§ **About this task**: Copy, from the data below, every line that has "dragged" in it.

[Records for processing Boundary: Start]

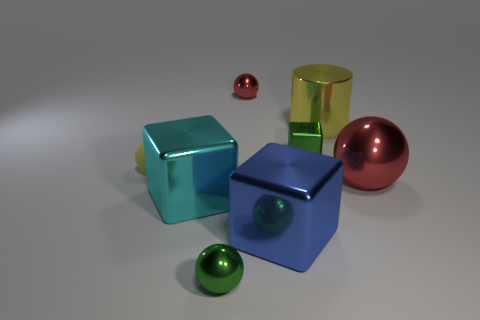Subtract 1 blocks. How many blocks are left? 2 Subtract all green spheres. How many spheres are left? 3 Subtract all small green shiny spheres. How many spheres are left? 3 Subtract all gray spheres. Subtract all brown cubes. How many spheres are left? 4 Add 2 small gray rubber cylinders. How many objects exist? 10 Subtract all blocks. How many objects are left? 5 Add 5 cubes. How many cubes are left? 8 Add 2 cyan rubber cylinders. How many cyan rubber cylinders exist? 2 Subtract 0 purple balls. How many objects are left? 8 Subtract all cyan objects. Subtract all small red balls. How many objects are left? 6 
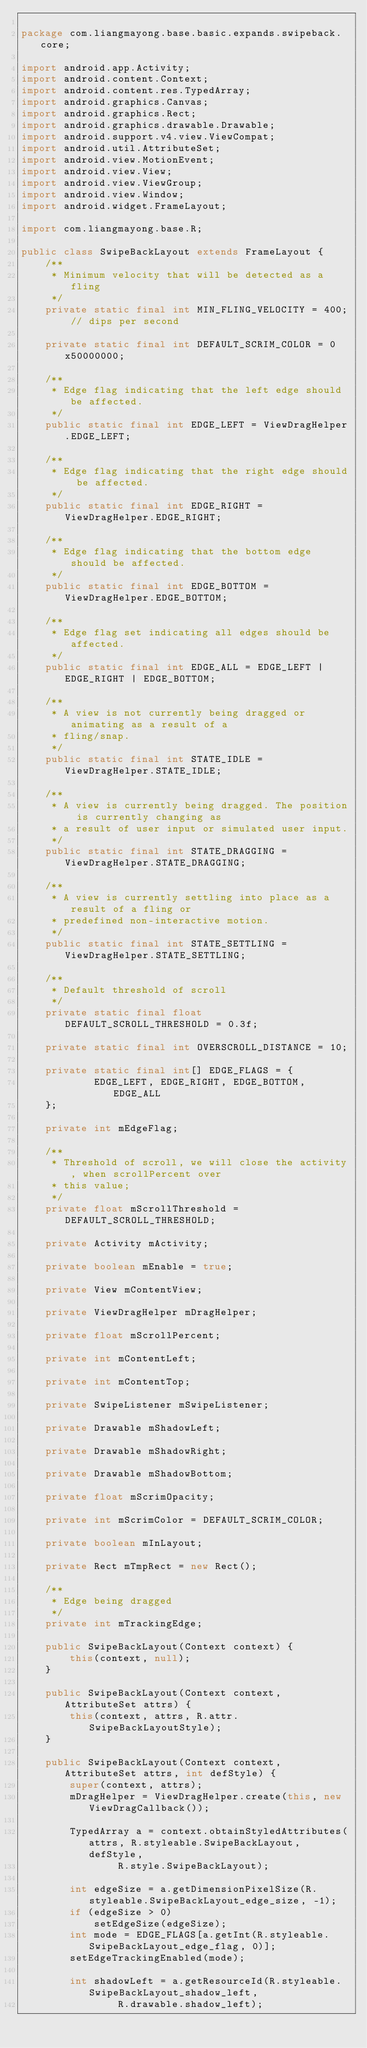<code> <loc_0><loc_0><loc_500><loc_500><_Java_>
package com.liangmayong.base.basic.expands.swipeback.core;

import android.app.Activity;
import android.content.Context;
import android.content.res.TypedArray;
import android.graphics.Canvas;
import android.graphics.Rect;
import android.graphics.drawable.Drawable;
import android.support.v4.view.ViewCompat;
import android.util.AttributeSet;
import android.view.MotionEvent;
import android.view.View;
import android.view.ViewGroup;
import android.view.Window;
import android.widget.FrameLayout;

import com.liangmayong.base.R;

public class SwipeBackLayout extends FrameLayout {
    /**
     * Minimum velocity that will be detected as a fling
     */
    private static final int MIN_FLING_VELOCITY = 400; // dips per second

    private static final int DEFAULT_SCRIM_COLOR = 0x50000000;

    /**
     * Edge flag indicating that the left edge should be affected.
     */
    public static final int EDGE_LEFT = ViewDragHelper.EDGE_LEFT;

    /**
     * Edge flag indicating that the right edge should be affected.
     */
    public static final int EDGE_RIGHT = ViewDragHelper.EDGE_RIGHT;

    /**
     * Edge flag indicating that the bottom edge should be affected.
     */
    public static final int EDGE_BOTTOM = ViewDragHelper.EDGE_BOTTOM;

    /**
     * Edge flag set indicating all edges should be affected.
     */
    public static final int EDGE_ALL = EDGE_LEFT | EDGE_RIGHT | EDGE_BOTTOM;

    /**
     * A view is not currently being dragged or animating as a result of a
     * fling/snap.
     */
    public static final int STATE_IDLE = ViewDragHelper.STATE_IDLE;

    /**
     * A view is currently being dragged. The position is currently changing as
     * a result of user input or simulated user input.
     */
    public static final int STATE_DRAGGING = ViewDragHelper.STATE_DRAGGING;

    /**
     * A view is currently settling into place as a result of a fling or
     * predefined non-interactive motion.
     */
    public static final int STATE_SETTLING = ViewDragHelper.STATE_SETTLING;

    /**
     * Default threshold of scroll
     */
    private static final float DEFAULT_SCROLL_THRESHOLD = 0.3f;

    private static final int OVERSCROLL_DISTANCE = 10;

    private static final int[] EDGE_FLAGS = {
            EDGE_LEFT, EDGE_RIGHT, EDGE_BOTTOM, EDGE_ALL
    };

    private int mEdgeFlag;

    /**
     * Threshold of scroll, we will close the activity, when scrollPercent over
     * this value;
     */
    private float mScrollThreshold = DEFAULT_SCROLL_THRESHOLD;

    private Activity mActivity;

    private boolean mEnable = true;

    private View mContentView;

    private ViewDragHelper mDragHelper;

    private float mScrollPercent;

    private int mContentLeft;

    private int mContentTop;

    private SwipeListener mSwipeListener;

    private Drawable mShadowLeft;

    private Drawable mShadowRight;

    private Drawable mShadowBottom;

    private float mScrimOpacity;

    private int mScrimColor = DEFAULT_SCRIM_COLOR;

    private boolean mInLayout;

    private Rect mTmpRect = new Rect();

    /**
     * Edge being dragged
     */
    private int mTrackingEdge;

    public SwipeBackLayout(Context context) {
        this(context, null);
    }

    public SwipeBackLayout(Context context, AttributeSet attrs) {
        this(context, attrs, R.attr.SwipeBackLayoutStyle);
    }

    public SwipeBackLayout(Context context, AttributeSet attrs, int defStyle) {
        super(context, attrs);
        mDragHelper = ViewDragHelper.create(this, new ViewDragCallback());

        TypedArray a = context.obtainStyledAttributes(attrs, R.styleable.SwipeBackLayout, defStyle,
                R.style.SwipeBackLayout);

        int edgeSize = a.getDimensionPixelSize(R.styleable.SwipeBackLayout_edge_size, -1);
        if (edgeSize > 0)
            setEdgeSize(edgeSize);
        int mode = EDGE_FLAGS[a.getInt(R.styleable.SwipeBackLayout_edge_flag, 0)];
        setEdgeTrackingEnabled(mode);

        int shadowLeft = a.getResourceId(R.styleable.SwipeBackLayout_shadow_left,
                R.drawable.shadow_left);</code> 
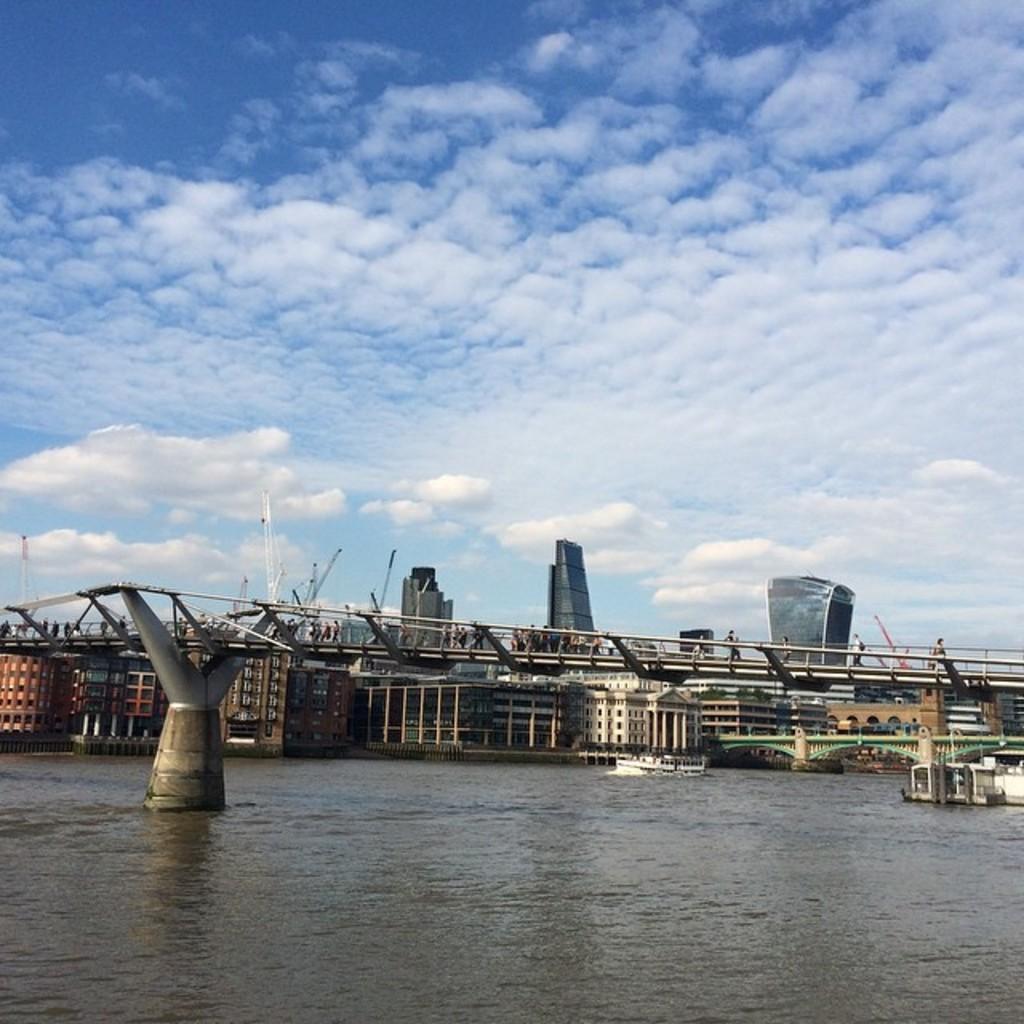Can you describe this image briefly? In this image I can see a boat on the water. I can see a bridge. In the background there are few buildings. At the top I can see clouds in the sky. 
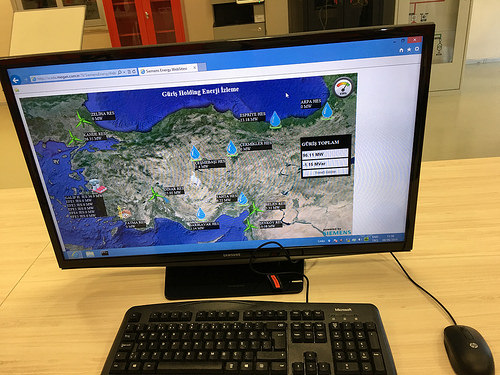<image>
Is there a monitor behind the mouse? Yes. From this viewpoint, the monitor is positioned behind the mouse, with the mouse partially or fully occluding the monitor. 
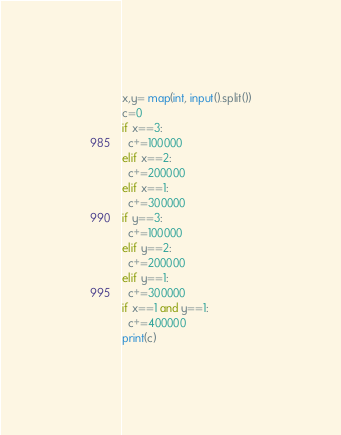Convert code to text. <code><loc_0><loc_0><loc_500><loc_500><_Python_>x,y= map(int, input().split())
c=0
if x==3:
  c+=100000
elif x==2:
  c+=200000
elif x==1:
  c+=300000
if y==3:
  c+=100000
elif y==2:
  c+=200000
elif y==1:
  c+=300000
if x==1 and y==1:
  c+=400000
print(c)</code> 
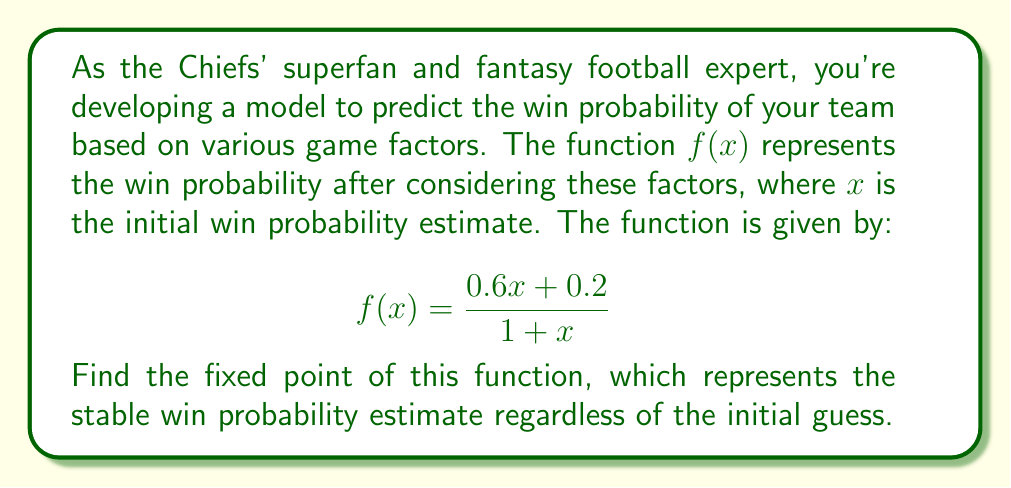Show me your answer to this math problem. Let's approach this step-by-step:

1) A fixed point of a function $f(x)$ is a value of $x$ where $f(x) = x$. So, we need to solve the equation:

   $$x = \frac{0.6x + 0.2}{1 + x}$$

2) Multiply both sides by $(1 + x)$:

   $$x(1 + x) = 0.6x + 0.2$$

3) Expand the left side:

   $$x + x^2 = 0.6x + 0.2$$

4) Rearrange the terms to standard quadratic form:

   $$x^2 + 0.4x - 0.2 = 0$$

5) Use the quadratic formula $x = \frac{-b \pm \sqrt{b^2 - 4ac}}{2a}$, where $a = 1$, $b = 0.4$, and $c = -0.2$:

   $$x = \frac{-0.4 \pm \sqrt{0.4^2 - 4(1)(-0.2)}}{2(1)}$$

6) Simplify:

   $$x = \frac{-0.4 \pm \sqrt{0.16 + 0.8}}{2} = \frac{-0.4 \pm \sqrt{0.96}}{2} = \frac{-0.4 \pm 0.98}{2}$$

7) This gives us two solutions:

   $$x_1 = \frac{-0.4 + 0.98}{2} = 0.29$$
   $$x_2 = \frac{-0.4 - 0.98}{2} = -0.69$$

8) Since we're dealing with probabilities, we can discard the negative solution. Therefore, the fixed point is 0.29.
Answer: 0.29 
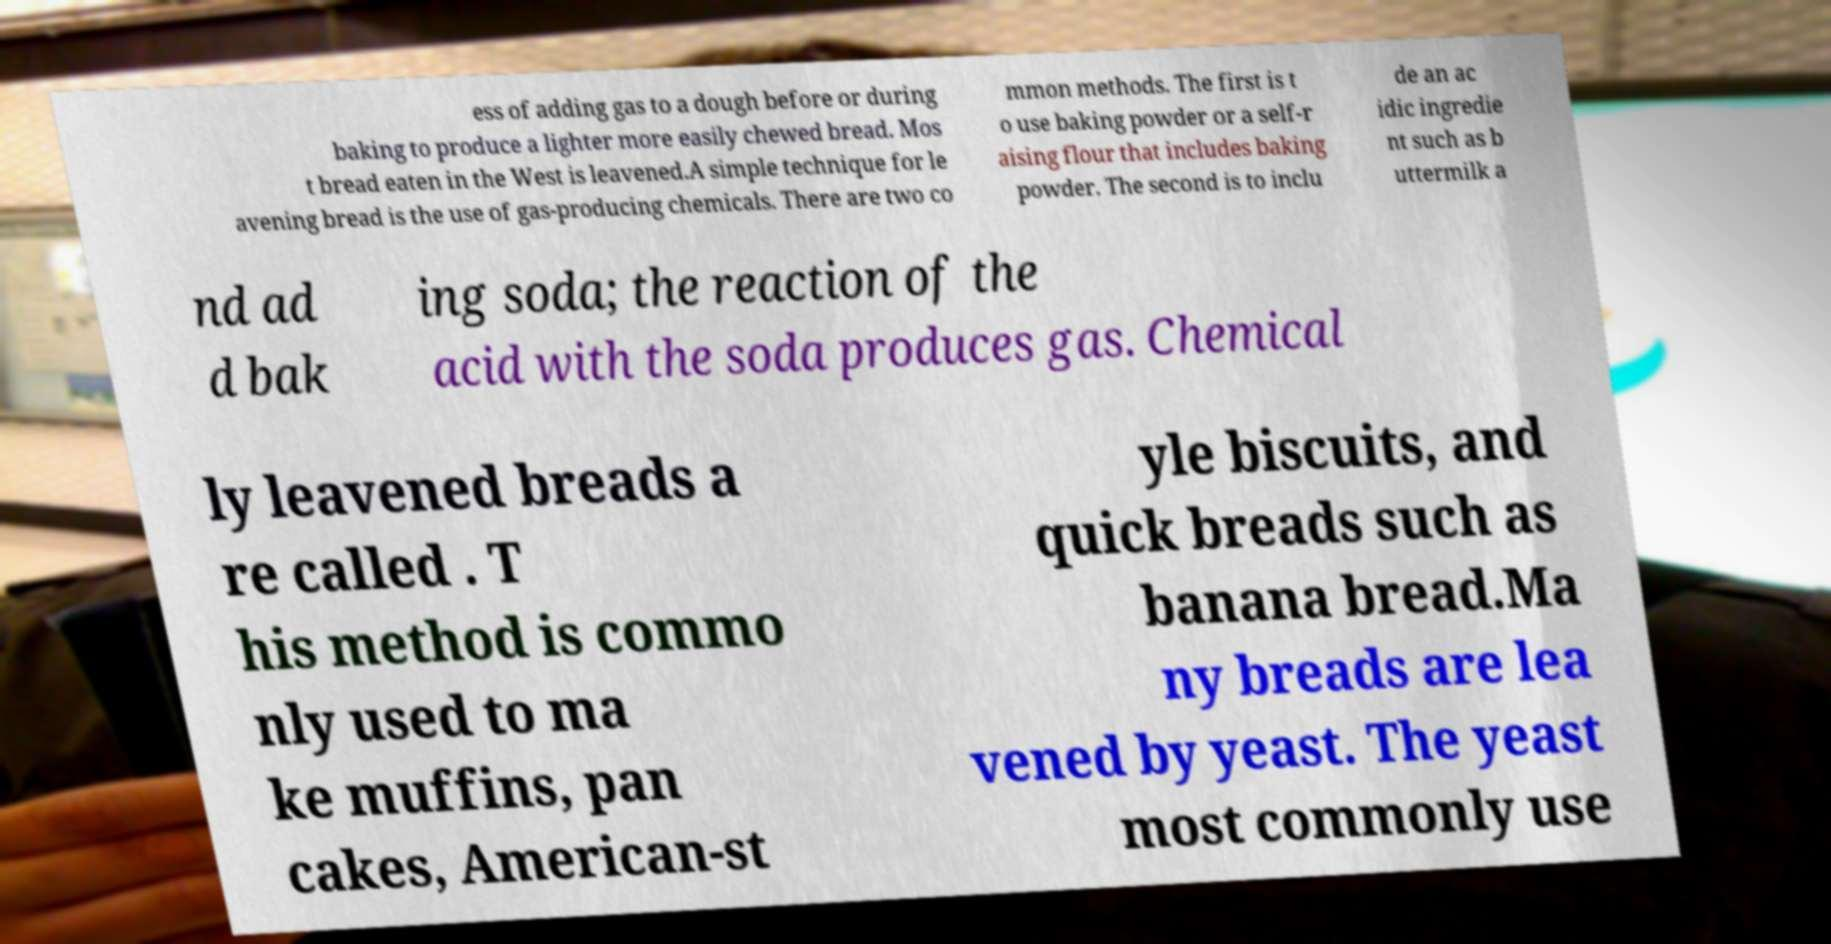Could you extract and type out the text from this image? ess of adding gas to a dough before or during baking to produce a lighter more easily chewed bread. Mos t bread eaten in the West is leavened.A simple technique for le avening bread is the use of gas-producing chemicals. There are two co mmon methods. The first is t o use baking powder or a self-r aising flour that includes baking powder. The second is to inclu de an ac idic ingredie nt such as b uttermilk a nd ad d bak ing soda; the reaction of the acid with the soda produces gas. Chemical ly leavened breads a re called . T his method is commo nly used to ma ke muffins, pan cakes, American-st yle biscuits, and quick breads such as banana bread.Ma ny breads are lea vened by yeast. The yeast most commonly use

[Records for processing Boundary: End]

§ **Answer to this problem**:
     * A view is not currently being dragged or animating as a result of a
     * A view is currently being dragged. The position is currently changing as
     * Edge being dragged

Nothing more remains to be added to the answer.